Colvera for Detection of Disease Recurrence

Colorectal Adenocarcinoma Clinical Trial

NOVA

Official title:
Evaluation of the Performance of the Clinical Genomics Colvera Test in the Detection of Disease Recurrence in Patients Diagnosed With Colorectal Cancer- "NOVA"

Clinical Trial Details — Status: Completed

Administrative data
NCT number NCT03706235
Other study ID # CG001
Secondary ID
Status Completed
Phase
First received
Last updated
Start date February 1, 2018
Est. completion date April 29, 2020

Study information
Verified date July 2020
Source Clinical Genomics Pathology
Contact n/a
Is FDA regulated No
Health authority
Study type Observational

Clinical Trial Summary

To compare the sensitivity and specificity estimates of Colvera with that of a commercially available CEA test for detection of recurrent disease in CRC subjects who are undergoing surveillance for recurrence.

Description:

This is an observational, prospective comparison study, where blood is collected for assay of methylated BCAT1 and IKZF1 DNA and CEA, from subjects who have undergone curative treatment for primary CRC of stages II and III (AJCC) and who are in remission and scheduled for follow-up radiological imaging as part of their surveillance program for recurrence. Participation is for one visit only as part of each subject's surveillance-monitoring schedule. Two K2-EDTA blood tubes and two PAXgene™ tubes will be collected Any evidence of methylated BCAT1 and/or IKZF1 DNA in blood represents a Colvera "positive" result. CEA levels of 5ug/L or higher will represent a "positive" result. Sensitivity and specificity of the Colvera and CEA test will be estimated and compared in a paired fashion in each case where recurrence status has been investigated and determined by the site clinical management team. Blood testing shall be performed and analyzed by qualified staff blinded to clinical status. This is a cross-sectional observational non-significant risk study, and test results will not be used for clinical management, i.e. there will be no interventions in subjects consenting to participate in this Research Study.
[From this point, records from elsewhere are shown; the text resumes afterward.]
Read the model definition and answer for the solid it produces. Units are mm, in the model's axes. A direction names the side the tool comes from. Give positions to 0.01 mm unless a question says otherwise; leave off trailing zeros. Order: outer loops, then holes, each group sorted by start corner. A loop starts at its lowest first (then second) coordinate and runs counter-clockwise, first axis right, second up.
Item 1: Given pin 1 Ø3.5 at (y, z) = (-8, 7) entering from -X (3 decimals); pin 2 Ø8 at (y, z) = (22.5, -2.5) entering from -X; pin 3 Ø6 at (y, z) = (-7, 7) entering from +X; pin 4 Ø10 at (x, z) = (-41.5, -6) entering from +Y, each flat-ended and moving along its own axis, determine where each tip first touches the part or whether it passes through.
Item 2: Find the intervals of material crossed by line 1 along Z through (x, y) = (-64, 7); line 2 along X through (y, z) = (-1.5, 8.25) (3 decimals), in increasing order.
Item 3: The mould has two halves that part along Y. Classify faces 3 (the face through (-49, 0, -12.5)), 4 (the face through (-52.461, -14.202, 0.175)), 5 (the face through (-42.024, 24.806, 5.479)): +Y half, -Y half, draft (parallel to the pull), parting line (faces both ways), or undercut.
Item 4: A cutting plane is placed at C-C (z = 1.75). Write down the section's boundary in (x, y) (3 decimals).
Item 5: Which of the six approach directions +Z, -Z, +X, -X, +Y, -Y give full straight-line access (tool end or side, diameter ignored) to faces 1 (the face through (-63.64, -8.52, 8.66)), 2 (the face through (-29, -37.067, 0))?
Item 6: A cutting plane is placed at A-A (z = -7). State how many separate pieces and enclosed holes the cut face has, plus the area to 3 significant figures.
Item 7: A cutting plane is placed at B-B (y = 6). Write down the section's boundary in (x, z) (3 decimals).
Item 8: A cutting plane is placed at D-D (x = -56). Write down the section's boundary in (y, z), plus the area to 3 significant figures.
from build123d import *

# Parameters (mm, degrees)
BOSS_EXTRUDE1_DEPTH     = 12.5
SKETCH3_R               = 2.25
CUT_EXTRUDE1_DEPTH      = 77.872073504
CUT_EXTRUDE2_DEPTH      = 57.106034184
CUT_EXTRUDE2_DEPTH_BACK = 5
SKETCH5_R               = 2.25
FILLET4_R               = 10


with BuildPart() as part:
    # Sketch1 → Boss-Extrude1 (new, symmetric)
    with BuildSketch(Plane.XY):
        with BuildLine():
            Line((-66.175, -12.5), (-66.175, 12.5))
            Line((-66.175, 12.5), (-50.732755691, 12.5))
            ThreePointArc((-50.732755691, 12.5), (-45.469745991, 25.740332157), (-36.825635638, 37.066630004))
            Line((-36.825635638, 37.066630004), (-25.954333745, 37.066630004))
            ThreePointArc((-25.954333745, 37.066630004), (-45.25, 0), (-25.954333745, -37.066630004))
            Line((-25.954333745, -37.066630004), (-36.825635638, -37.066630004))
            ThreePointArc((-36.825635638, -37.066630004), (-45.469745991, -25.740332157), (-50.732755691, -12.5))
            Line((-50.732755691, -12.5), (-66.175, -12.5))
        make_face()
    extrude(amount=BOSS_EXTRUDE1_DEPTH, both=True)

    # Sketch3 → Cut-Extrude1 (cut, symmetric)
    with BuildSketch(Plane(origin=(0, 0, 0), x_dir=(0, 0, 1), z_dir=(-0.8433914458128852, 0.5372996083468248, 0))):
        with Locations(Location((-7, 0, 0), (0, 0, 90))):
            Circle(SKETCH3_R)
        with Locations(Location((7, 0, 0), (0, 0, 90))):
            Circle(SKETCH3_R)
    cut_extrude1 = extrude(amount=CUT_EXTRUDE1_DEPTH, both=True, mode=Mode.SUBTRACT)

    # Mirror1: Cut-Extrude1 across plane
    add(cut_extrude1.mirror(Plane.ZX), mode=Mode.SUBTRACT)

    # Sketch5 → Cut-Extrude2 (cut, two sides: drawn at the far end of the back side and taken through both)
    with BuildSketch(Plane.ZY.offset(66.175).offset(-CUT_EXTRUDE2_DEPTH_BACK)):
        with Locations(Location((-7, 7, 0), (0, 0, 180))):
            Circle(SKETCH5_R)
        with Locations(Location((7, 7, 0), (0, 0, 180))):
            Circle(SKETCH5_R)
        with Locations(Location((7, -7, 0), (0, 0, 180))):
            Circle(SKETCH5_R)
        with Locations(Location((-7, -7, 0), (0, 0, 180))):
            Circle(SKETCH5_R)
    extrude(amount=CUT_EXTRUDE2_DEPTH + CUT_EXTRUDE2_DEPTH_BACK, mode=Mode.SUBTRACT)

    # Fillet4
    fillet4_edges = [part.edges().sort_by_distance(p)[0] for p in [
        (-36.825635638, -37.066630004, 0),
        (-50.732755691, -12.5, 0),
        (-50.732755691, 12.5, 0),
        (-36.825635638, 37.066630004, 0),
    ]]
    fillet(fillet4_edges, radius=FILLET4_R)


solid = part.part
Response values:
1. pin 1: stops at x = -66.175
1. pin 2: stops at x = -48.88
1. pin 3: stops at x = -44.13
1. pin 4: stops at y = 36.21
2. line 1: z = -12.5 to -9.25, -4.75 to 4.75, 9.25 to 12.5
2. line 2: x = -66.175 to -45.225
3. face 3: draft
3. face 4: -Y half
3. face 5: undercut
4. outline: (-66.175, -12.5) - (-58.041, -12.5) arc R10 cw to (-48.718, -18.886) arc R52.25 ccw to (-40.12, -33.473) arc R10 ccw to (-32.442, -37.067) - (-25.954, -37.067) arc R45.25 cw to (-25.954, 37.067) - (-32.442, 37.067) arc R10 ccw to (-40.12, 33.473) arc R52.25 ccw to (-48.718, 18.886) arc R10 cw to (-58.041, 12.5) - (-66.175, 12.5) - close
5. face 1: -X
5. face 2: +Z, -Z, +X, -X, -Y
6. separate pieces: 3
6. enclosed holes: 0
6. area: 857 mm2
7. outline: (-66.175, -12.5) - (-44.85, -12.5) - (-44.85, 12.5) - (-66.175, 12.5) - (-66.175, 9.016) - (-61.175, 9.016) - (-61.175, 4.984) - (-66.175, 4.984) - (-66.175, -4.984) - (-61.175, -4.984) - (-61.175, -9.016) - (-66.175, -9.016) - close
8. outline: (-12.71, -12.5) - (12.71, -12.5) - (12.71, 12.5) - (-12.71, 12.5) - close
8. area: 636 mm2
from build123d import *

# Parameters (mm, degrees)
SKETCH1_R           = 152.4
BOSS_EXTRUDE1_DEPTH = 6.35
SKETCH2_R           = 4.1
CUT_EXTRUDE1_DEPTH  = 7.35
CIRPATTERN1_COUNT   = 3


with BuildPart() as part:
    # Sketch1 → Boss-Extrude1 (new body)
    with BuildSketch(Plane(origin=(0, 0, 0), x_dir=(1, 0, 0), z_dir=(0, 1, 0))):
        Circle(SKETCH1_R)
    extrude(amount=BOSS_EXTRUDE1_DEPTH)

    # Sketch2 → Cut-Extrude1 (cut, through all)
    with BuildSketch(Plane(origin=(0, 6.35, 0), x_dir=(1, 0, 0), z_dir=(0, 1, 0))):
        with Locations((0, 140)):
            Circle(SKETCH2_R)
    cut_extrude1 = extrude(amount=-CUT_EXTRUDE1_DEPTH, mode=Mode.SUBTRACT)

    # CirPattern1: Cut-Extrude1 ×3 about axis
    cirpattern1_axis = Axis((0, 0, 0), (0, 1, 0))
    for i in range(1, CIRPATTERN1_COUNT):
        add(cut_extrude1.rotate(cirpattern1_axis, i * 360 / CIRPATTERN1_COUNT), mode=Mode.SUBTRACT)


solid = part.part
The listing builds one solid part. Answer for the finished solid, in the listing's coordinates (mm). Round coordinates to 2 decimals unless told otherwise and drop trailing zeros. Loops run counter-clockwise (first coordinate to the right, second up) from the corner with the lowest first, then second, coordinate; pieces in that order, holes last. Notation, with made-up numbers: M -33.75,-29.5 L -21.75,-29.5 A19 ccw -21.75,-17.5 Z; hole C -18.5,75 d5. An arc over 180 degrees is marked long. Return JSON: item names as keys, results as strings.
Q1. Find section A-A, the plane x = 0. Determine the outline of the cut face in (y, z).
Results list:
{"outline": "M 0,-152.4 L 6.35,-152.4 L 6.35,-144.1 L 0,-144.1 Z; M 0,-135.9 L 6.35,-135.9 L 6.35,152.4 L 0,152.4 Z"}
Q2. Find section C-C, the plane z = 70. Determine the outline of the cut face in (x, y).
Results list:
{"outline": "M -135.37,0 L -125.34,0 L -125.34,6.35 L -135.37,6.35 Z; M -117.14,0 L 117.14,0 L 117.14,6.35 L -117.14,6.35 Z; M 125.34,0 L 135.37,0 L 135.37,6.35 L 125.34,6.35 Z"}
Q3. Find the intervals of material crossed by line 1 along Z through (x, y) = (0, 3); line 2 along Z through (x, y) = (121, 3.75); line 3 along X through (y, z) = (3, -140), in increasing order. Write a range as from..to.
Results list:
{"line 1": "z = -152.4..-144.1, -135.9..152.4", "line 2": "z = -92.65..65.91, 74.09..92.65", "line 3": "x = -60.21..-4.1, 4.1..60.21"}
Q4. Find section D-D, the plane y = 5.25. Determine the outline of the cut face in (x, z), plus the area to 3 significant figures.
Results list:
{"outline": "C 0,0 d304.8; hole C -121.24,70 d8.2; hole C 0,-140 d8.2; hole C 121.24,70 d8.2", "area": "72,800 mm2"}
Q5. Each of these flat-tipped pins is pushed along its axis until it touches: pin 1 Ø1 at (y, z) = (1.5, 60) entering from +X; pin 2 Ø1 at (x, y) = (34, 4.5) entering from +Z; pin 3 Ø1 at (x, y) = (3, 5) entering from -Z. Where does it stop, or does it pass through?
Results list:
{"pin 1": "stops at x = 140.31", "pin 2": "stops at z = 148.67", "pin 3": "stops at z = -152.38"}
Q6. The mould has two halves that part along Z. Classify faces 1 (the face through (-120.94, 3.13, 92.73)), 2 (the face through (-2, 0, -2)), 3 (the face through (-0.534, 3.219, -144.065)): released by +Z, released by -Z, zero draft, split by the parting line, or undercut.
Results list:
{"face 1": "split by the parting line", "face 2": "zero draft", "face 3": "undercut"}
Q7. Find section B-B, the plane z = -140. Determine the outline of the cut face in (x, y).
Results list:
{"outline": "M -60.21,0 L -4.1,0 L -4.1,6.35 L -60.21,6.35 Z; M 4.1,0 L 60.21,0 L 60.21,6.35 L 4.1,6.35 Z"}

Recruitment information / eligibility
Status Completed
Enrollment 488
Est. completion date April 29, 2020
Est. primary completion date August 16, 2019
Accepts healthy volunteers No
Gender All
Age group 18 Years and older
Eligibility Inclusion Criteria:

1. Subject is 18 years or older, and capable and willing to provide informed consent.

2. Subject has undergone curative treatment for primary CRC of stages II and III (AJCC).

3. Subject has no clinical evidence of disease (NED) (after initial treatment)

4. Subject has concluded course of initial treatment for primary CRC (i.e. end of surgery, chemotherapy and/or radiotherapy)

5. Subject is willing/able to provide a blood sample

Exclusion Criteria:

1. Subject has evidence of residual disease.

2. Subject has other organ cancer at the time of recruitment.

3. Subject has prior history of recurrent CRC.

4. Subject has concurrent serious non-neoplastic illness that makes enrollment impractical or clinically inappropriate.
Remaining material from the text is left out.